## WORK REQUIRED
Across the listing below, state how many lines hold the string "layers"; write nothing but that number.

## RECORDS TO USE

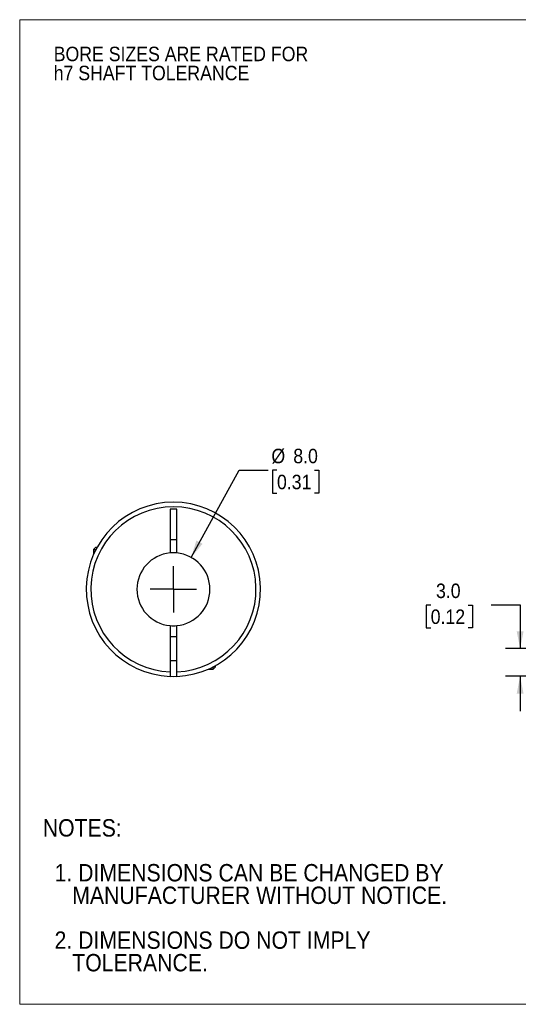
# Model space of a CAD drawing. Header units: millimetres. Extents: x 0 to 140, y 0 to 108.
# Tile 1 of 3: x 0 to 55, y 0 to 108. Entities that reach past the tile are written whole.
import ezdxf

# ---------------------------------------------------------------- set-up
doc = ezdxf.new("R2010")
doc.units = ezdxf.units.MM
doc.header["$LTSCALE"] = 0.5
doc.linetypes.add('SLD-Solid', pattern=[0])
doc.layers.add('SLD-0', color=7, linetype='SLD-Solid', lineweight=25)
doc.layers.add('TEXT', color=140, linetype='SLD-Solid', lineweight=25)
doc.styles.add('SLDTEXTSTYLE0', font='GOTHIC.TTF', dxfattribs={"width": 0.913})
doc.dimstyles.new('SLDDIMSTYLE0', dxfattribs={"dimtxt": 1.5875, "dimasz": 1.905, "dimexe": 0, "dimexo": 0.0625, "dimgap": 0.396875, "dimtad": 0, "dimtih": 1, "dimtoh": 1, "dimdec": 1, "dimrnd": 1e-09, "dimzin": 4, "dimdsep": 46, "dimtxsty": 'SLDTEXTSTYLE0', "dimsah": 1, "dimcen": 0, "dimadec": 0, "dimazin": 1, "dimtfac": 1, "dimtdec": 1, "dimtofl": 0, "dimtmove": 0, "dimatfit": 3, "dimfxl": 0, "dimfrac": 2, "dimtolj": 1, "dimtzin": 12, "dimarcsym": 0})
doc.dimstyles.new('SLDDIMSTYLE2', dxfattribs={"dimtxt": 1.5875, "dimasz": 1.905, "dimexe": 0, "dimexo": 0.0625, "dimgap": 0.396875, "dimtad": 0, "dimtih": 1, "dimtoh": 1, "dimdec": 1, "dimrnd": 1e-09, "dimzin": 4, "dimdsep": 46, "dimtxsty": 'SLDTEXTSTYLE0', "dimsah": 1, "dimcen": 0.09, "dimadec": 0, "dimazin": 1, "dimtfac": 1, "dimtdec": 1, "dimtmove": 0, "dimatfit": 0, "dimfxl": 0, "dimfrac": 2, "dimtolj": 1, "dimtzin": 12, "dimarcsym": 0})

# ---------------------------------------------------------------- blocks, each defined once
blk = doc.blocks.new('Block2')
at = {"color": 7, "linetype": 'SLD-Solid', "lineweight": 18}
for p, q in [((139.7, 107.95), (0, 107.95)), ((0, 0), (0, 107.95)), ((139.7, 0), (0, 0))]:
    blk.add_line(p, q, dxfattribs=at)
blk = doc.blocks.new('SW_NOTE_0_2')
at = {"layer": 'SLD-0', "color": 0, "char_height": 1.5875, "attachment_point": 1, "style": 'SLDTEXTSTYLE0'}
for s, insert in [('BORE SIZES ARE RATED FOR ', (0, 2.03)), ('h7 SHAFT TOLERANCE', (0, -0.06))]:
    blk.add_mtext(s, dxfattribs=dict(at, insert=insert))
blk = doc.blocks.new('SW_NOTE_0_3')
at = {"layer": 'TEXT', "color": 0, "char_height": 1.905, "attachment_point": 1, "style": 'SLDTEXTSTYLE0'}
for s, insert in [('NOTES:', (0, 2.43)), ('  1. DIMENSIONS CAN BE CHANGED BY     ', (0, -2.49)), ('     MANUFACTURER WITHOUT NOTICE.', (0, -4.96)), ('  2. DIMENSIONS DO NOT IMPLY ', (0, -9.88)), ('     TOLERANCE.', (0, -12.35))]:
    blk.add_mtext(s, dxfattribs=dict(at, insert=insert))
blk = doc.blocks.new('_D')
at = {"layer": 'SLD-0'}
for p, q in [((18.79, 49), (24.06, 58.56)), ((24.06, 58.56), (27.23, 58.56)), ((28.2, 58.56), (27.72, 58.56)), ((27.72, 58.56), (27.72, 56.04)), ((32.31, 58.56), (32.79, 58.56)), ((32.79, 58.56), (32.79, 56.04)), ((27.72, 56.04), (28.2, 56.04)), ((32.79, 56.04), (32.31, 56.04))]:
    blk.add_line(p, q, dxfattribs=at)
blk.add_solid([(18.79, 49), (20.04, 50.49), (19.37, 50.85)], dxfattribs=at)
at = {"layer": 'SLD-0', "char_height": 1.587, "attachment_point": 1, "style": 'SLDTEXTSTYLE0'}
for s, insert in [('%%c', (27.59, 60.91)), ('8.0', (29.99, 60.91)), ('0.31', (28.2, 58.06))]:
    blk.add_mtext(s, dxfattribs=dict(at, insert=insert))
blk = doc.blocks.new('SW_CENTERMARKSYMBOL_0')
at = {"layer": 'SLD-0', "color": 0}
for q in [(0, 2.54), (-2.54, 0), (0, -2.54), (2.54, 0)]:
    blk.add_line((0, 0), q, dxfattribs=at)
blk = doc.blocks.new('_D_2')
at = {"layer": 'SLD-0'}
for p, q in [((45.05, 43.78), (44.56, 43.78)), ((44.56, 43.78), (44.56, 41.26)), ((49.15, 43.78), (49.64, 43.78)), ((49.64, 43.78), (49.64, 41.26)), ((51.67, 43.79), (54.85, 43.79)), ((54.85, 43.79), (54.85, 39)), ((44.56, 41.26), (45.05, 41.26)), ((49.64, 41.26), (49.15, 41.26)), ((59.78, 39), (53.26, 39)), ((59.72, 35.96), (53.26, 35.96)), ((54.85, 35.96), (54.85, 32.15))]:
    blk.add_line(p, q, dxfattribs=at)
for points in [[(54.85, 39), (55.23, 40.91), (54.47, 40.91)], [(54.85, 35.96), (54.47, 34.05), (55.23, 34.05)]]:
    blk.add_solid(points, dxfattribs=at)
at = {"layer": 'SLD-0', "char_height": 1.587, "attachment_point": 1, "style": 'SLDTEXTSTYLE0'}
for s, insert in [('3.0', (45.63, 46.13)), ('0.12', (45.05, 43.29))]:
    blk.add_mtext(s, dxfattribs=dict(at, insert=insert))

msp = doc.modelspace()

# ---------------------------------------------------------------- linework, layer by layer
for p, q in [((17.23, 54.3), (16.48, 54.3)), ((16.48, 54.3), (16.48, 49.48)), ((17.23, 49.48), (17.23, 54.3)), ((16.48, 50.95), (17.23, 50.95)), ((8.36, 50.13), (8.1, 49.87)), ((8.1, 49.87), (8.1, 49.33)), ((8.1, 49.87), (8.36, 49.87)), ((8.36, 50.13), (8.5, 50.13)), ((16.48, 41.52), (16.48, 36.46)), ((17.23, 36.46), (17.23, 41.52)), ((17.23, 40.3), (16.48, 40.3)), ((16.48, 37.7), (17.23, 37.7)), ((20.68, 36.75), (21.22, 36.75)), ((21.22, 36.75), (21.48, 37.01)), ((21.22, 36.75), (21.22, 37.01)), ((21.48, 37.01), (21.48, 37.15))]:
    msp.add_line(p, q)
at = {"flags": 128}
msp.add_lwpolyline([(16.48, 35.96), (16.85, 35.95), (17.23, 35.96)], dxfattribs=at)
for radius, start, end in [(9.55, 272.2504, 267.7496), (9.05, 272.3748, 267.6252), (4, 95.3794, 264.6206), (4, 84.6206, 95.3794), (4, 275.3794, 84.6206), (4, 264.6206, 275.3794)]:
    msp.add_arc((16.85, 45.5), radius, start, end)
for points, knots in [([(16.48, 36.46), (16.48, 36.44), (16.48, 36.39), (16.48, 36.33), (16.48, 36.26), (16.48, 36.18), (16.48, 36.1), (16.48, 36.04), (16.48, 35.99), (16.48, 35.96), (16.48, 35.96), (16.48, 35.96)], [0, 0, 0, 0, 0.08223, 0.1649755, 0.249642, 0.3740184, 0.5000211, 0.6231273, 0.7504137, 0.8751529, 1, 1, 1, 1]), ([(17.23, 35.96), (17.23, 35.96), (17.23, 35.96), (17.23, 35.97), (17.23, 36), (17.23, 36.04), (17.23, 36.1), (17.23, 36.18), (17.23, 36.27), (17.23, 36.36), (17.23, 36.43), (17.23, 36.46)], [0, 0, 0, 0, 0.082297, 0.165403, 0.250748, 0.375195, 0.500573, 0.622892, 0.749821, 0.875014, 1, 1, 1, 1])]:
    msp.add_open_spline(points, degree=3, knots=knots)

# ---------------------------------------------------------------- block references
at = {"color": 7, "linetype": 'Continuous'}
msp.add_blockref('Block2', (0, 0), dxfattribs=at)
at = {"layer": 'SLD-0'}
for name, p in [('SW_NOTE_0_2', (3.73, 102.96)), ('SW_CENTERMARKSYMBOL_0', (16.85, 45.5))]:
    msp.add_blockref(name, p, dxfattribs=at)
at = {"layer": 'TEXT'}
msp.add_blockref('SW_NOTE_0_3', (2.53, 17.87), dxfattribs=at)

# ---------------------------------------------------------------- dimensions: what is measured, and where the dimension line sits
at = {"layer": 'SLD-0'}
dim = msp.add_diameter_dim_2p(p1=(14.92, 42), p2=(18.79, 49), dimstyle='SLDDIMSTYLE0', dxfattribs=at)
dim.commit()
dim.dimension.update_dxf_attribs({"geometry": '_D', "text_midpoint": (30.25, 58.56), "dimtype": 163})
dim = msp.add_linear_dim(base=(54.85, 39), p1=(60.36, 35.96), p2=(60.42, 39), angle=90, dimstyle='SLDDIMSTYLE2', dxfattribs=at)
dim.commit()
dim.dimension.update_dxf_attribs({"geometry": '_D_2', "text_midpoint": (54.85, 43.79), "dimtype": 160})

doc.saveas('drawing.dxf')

## SOLVED PROBLEM
2